The states of Oregon, California, Idaho, and Utah, all areas of the eastern United States, and all "foreign countries where apple maggot is established" have also been placed under quarantine by Washington. In addition to these areas, as of 2017, all or portions of the state's counties of Chelan, Clallam, Clark, Cowlitz, Grays Harbor, Island, Jefferson, King, Kitsap, Klickitat, Lewis, Lincoln, Mason, Pacific, Pierce, Snohomish, Spokane, Skagit, Skamania, Thurston, Wahkiakum, Whatcom, and Yakima, are also quarantined.

Washington State University's Tree Fruit Research and Extension Center has cited the fact that "apple maggots have never been found in commercially packed fruit in the state" as evidence of the quarantine's efficacy.

===Terms of the quarantine===
There is a prohibition on transporting homegrown or foraged fruit from the quarantine zone into the pest free zone, except for fruit that has first been processed through canning, jarring, juicing, or drying. In addition, any yard waste from the quarantine zone must be disposed of within the zone and cannot be transported across its boundaries. Store-bought fruit is exempt from the quarantine as it is already subject to inspection by state authorities.
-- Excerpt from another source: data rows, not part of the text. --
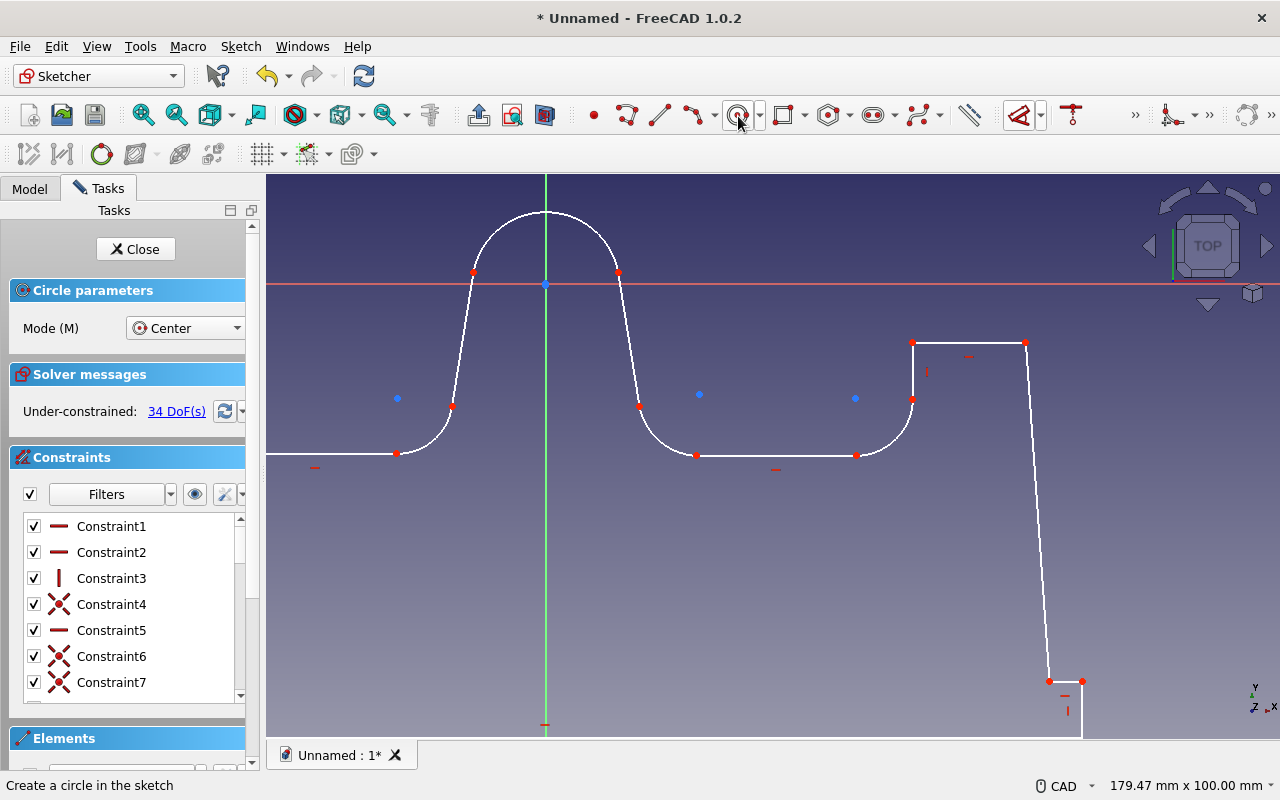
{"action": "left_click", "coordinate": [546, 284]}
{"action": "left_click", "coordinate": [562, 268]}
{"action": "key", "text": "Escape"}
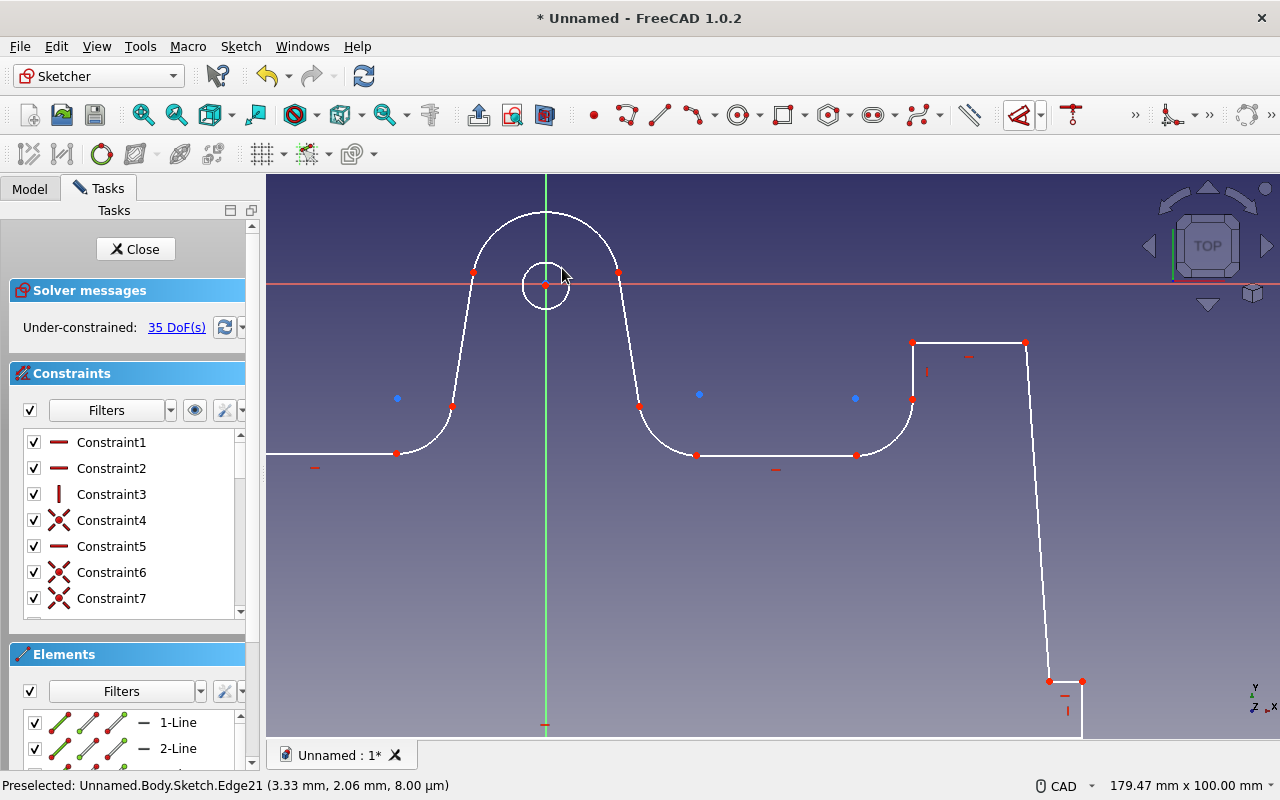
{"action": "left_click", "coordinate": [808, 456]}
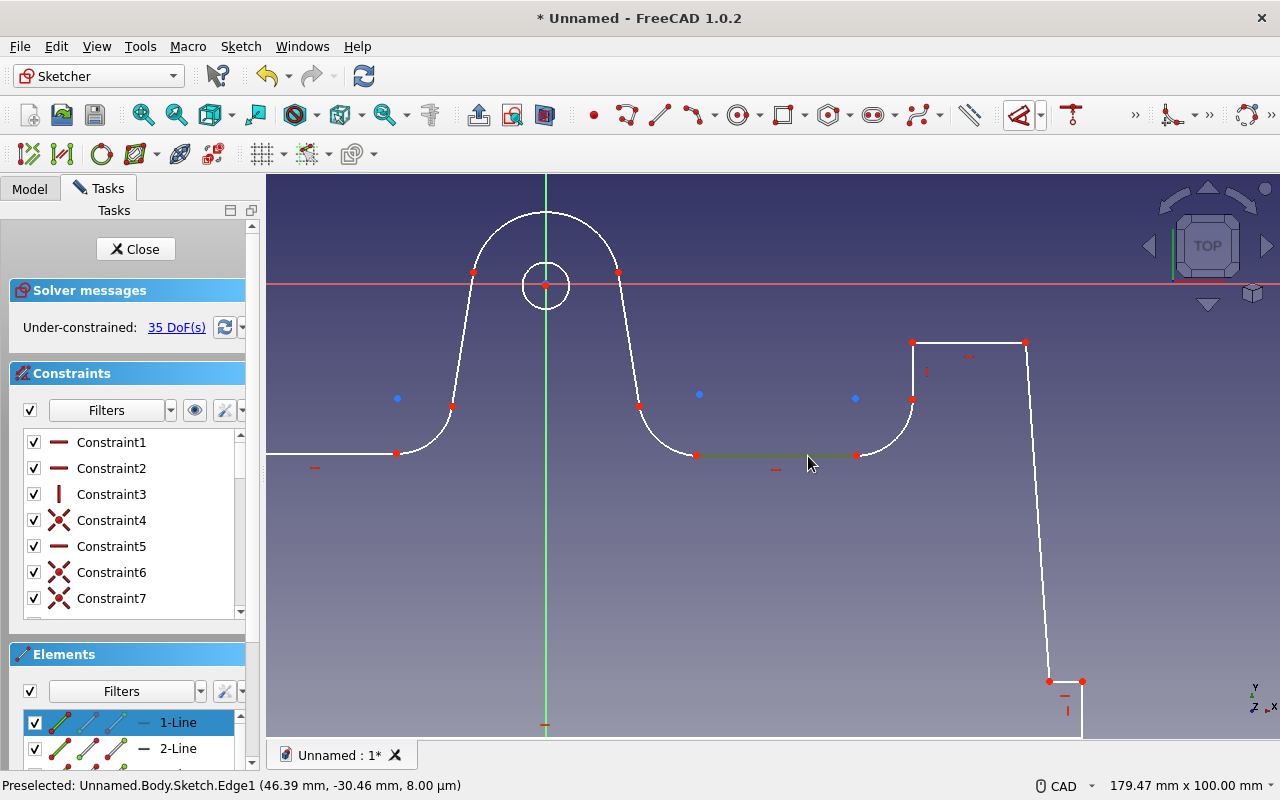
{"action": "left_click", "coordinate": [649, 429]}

In addition, under state law pest control officials can order property owners to spray with pesticides trees in which the apple maggot has been observed.

==Incidents==

In September 2020, a crate of apples brought by Washington governor Jay Inslee to Bridgeport and Malden following major wildfires was found to contain apple maggots. The apples were picked at the Washington Governor's Mansion in Olympia and distributed by the governor's office during an official visit. This was accidental and was meant to be an empathetic gesture from the governor and governor's mansion.

==In popular culture==
Apple Maggot Quarantine Area, also known as A.M.Q.A., was the name of a metal band from Seattle active from 1985 to 1989.